Zian bergegas mengambil kunci mobilnya saat ia tak sanggup lagi menahan gelisah yang merambat di hatinya.
Entah kenapa, sejak tadi ia tak bisa tenang sedikitpun.
Bayangan Tiara terus melintas di benaknya.
Ya Tuhan, semoga Ara baik-baik saja di sana, ucapnya dalam hati saat mulai menjalankan mobilnya menuju ke tempat camping.
Sepanjang perjalanan mulutnya tak henti komat kamit meminta perlindungan dari Sang Pencipta. Agar melindungi Tiara di sana. Langit yang mulai gelap semakin menambah kecemasan di hatinya.
Mobil yang dikendarainya melaju kencang membelah jalanan.
\*\*\*
POV # Tiara
" OMG . . . kenapa aku sampai kesasar gini sih? udah mulai gelap lagi. Aku nggak tahu rute yang benar di mana ". desah Tiara pelan.
Beberapa saat kemudian
Krak
Bunyi ranting kering patah dari arah belakangnya. Sontak ia menoleh melihat siapa yang datang.
Seorang cowok muncul dari belakang. Wajah yang asing karena belum pernah dilihat Tiara.
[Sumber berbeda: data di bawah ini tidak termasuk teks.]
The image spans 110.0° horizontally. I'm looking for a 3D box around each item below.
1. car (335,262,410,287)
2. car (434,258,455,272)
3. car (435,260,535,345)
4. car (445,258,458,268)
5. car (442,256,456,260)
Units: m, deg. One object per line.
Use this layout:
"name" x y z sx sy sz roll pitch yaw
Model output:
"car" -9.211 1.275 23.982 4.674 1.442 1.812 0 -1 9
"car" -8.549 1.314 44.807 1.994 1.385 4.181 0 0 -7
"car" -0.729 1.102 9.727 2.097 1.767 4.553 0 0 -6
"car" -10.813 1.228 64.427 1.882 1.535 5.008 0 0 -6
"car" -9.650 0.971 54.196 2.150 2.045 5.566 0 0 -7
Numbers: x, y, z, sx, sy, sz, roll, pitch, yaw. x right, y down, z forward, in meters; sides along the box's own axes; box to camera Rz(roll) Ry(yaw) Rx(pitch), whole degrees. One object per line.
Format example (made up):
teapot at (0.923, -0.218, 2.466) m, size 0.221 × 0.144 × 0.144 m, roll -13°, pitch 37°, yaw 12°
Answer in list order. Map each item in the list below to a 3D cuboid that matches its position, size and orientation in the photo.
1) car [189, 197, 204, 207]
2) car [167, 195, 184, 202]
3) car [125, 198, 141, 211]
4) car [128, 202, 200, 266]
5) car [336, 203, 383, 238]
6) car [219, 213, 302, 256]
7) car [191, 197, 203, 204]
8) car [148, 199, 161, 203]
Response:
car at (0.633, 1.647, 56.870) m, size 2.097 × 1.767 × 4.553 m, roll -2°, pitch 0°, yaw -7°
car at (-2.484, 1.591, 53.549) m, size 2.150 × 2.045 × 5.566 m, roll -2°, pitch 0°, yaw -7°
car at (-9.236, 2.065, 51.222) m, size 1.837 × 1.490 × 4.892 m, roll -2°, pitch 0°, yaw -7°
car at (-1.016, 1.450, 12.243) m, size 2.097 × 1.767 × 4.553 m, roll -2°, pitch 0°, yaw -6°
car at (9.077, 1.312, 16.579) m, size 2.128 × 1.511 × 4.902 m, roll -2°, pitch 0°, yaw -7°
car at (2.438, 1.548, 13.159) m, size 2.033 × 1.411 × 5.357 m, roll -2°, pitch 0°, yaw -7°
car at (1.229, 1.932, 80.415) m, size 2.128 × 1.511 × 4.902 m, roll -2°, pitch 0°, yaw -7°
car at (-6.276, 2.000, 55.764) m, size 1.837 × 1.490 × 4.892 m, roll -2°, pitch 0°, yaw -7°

Tiara seketika bangkit berdiri, senyumnya mulai terukir lagi.
" Kakak dari kelompok mana ?" tanyanya sok akrab. Padahal itu bukan sifat gadis yang pemalu itu. Dalam hati ia berharap, sosok di depannya bisa membantu menemukan rute kembali ke tenda.
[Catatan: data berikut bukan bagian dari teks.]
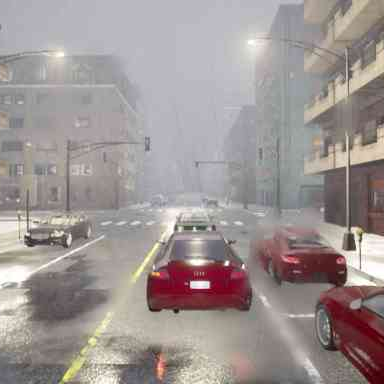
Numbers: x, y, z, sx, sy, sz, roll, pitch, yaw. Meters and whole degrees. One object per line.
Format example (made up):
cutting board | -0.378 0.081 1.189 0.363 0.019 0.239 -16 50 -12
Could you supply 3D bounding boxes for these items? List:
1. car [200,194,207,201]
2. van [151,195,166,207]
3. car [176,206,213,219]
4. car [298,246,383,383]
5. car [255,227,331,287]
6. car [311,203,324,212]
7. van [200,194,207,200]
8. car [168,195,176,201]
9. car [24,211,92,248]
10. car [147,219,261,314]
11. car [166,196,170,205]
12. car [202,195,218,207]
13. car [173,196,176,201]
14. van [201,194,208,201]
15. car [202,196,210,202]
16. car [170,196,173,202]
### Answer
car | 3.072 1.584 69.711 2.008 1.369 4.403 1 0 0
van | -5.511 1.368 52.797 1.690 1.788 3.998 1 0 0
car | 0.125 1.611 16.544 1.895 1.301 4.718 0 0 0
car | 2.672 1.584 3.330 1.802 1.307 4.206 1 0 0
car | 2.680 1.588 9.001 1.802 1.307 4.206 1 0 0
car | 15.599 1.531 36.878 4.507 1.381 1.887 0 -1 1
van | 3.252 1.384 92.392 1.690 1.788 3.998 1 0 0
car | -5.175 1.586 86.812 1.887 1.381 4.507 1 0 0
car | -5.749 1.560 14.752 2.008 1.369 4.403 1 0 0
car | 0.117 1.569 7.726 1.994 1.385 4.181 0 0 -1
car | -5.396 1.596 58.459 1.947 1.339 4.313 1 0 0
car | 3.035 1.576 51.123 2.008 1.369 4.403 1 0 0
car | -5.263 1.603 75.471 1.947 1.339 4.313 1 0 0
van | 3.208 1.381 86.721 1.690 1.788 3.998 1 0 0
car | 3.116 1.618 75.381 1.802 1.307 4.206 1 0 0
car | -5.350 1.472 64.130 1.967 1.590 4.097 1 0 0
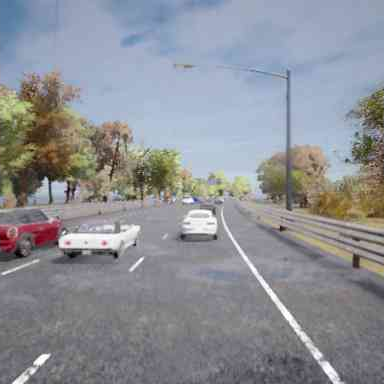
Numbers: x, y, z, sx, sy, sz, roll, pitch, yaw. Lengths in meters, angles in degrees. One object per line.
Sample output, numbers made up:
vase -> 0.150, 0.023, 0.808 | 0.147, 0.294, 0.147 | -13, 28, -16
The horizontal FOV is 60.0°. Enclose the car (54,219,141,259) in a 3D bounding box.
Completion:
car -> -3.327, 1.715, 13.078 | 1.895, 1.301, 4.718 | 0, -1, 3

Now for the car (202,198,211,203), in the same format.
car -> 3.950, 2.264, 89.377 | 2.128, 1.511, 4.902 | 0, -1, 9

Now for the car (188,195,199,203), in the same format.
car -> 0.491, 1.964, 89.912 | 2.150, 2.045, 5.566 | 0, -1, 9

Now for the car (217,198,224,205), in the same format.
car -> 6.048, 2.305, 79.133 | 2.128, 1.511, 4.902 | 0, -1, 8

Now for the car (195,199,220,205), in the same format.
car -> 1.850, 1.865, 39.046 | 2.128, 1.511, 4.902 | 0, 0, 5

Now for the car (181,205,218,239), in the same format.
car -> 0.445, 1.698, 18.354 | 1.812, 1.442, 4.674 | 0, 0, 3

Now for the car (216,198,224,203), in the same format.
car -> 7.478, 2.357, 89.316 | 1.895, 1.301, 4.718 | 0, -1, 9

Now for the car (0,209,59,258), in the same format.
car -> -6.807, 1.462, 13.438 | 2.097, 1.767, 4.553 | 0, -1, 3

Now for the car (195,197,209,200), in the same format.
car -> 2.575, 2.330, 79.568 | 1.994, 1.385, 4.181 | 0, -1, 8

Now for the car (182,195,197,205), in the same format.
car -> -0.948, 1.995, 79.625 | 2.150, 2.045, 5.566 | 0, -1, 8

" Dari kelompok elang, lo ngapain sendirian di sini ?" tanya cowok di hadapannya datar.
" Oh itu, em aku tersesat tadi kak . Boleh nggak bantuin aku balik ke tenda ?" tanya Tiara dengan hati - hati.
" Oke, yuk !" ujar cowok itu membuat Tiara lega. Dengan bersemangat ia mengikuti langkah cowok di depannya, tanpa berpikir panjang lagi.
Waktu berselang,
Tiara merasa mereka telah berjalan agak jauh namun belum sampai juga di tempat camping mereka. Suara para siswa pun tak terdengar sama sekali.
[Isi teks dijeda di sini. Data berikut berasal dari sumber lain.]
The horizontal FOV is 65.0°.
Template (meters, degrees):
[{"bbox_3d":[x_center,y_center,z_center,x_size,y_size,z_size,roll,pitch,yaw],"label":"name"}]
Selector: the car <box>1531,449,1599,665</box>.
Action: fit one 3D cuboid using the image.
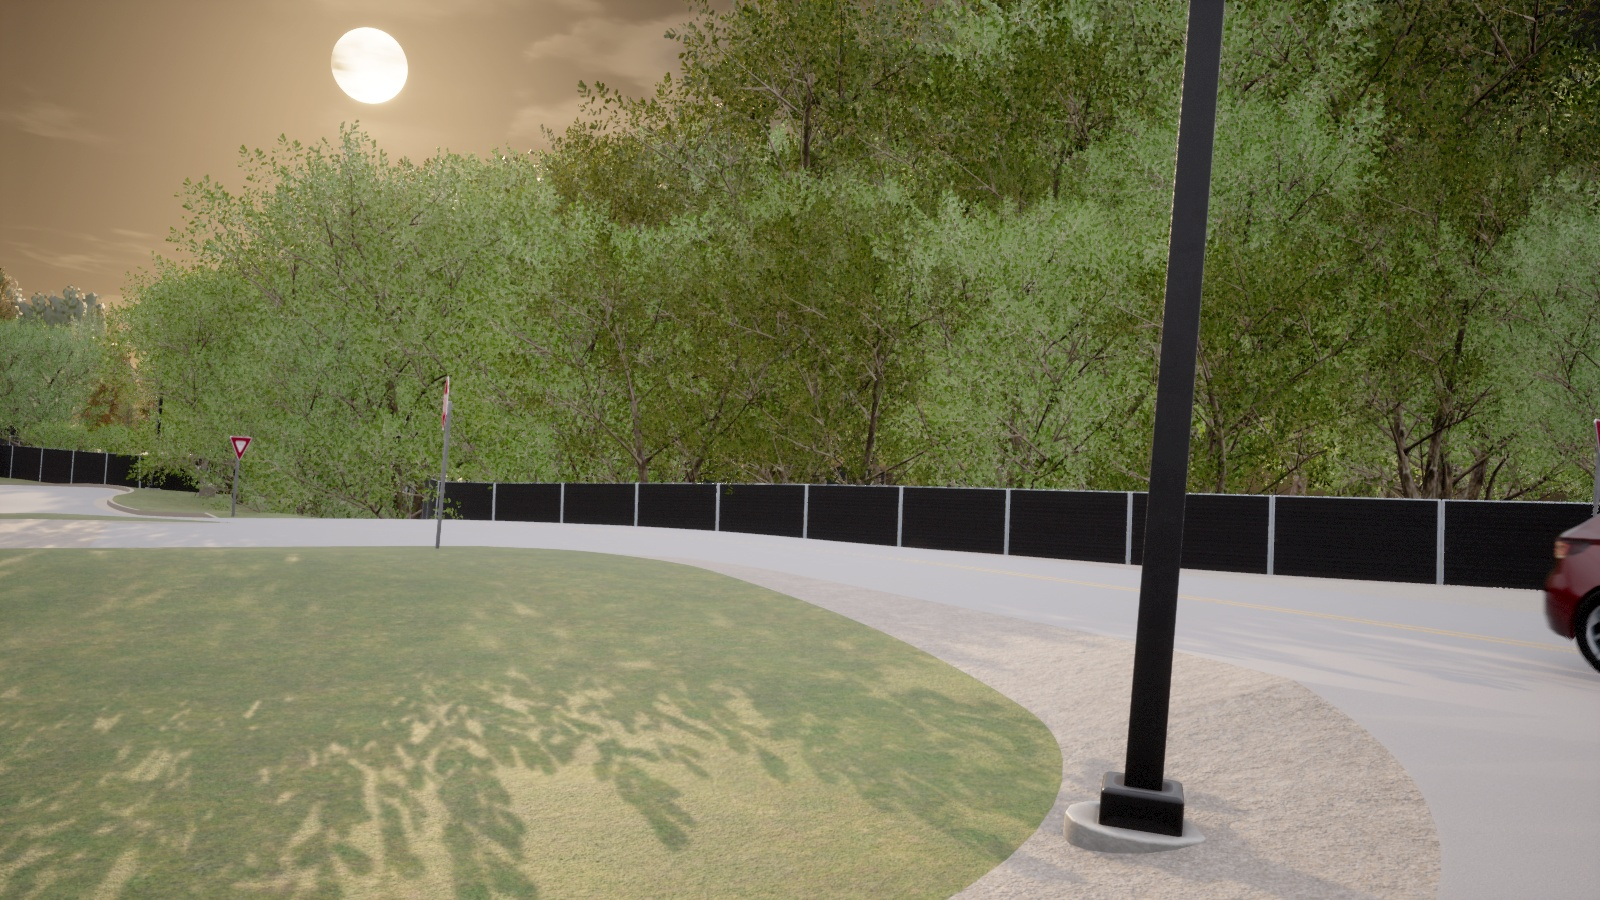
[{"bbox_3d":[7.169,0.720,7.760,1.816,1.474,4.193,1,-2,-35],"label":"car"}]

" Iya ya padahal gue udah capek banget nih. Kita istirahat dulu, gimana?" tanya cowok itu masih dengan wajah datarnya.
" Tapi kak . . .
Tiara ragu untuk melanjutkan kata-katanya.
Sebenarnya ia ingin terus mencari rute kembali, namun ia tak ingin membuat kesal sosok di depannya.
" Gue lelah, dan sekarang sudah gelap. Lo nggak mau kan kita tersesat lebih jauh lagi?" tanyanya.
Tiara terdiam mencoba mencerna kata-kata cowok itu.
Ada benarnya juga sih, ucapnya dalam hati.
" Baiklah kak, aku ikut kakak aja ". jawab Tiara akhirnya menyetujui saran darinya.
" Nah, di depan sana sepertinya ada pondok kecil. Kita istirahat di sana saja ".
Tiara mengangguk mengiyakan karena merasa tidak ada pilihan lain lagi. Keduanya mulai berjalan mendekati pondok itu.
Tiara mulai sibuk dengan pikirannya.
Sebenarnya, siapa cowok ini? apa benar dia siswa dari sekolah yang sama dengan aku? btw, pondok siapa ini ya? Oh, mungkin ada penduduk setempat yang berkebun di sini, karena di samping nampak sayuran yang ditanam.
" Permisi !" cowok itu mulai mengetuk pintu pondok itu.
" Permisi, apakah ada orang di sini ?" panggilnya lagi sambil mengetuk pintu kembali.
Namun tidak ada sahutan dari dalam.
Ia mencoba mencari ke sekitar pondok namun tak menemukan siapapun. Akhirnya ia memeriksa pintu yang ternyata tidak terkunci. Dari luar hanya dikaitkan dengan paku yang ada di dinding papan.
Perlahan ia mulai membuka pintu, mendorongnya perlahan dan berhasil.
Tiara mengikuti dari belakangnya, memandang sekeliling ruangan yang ada.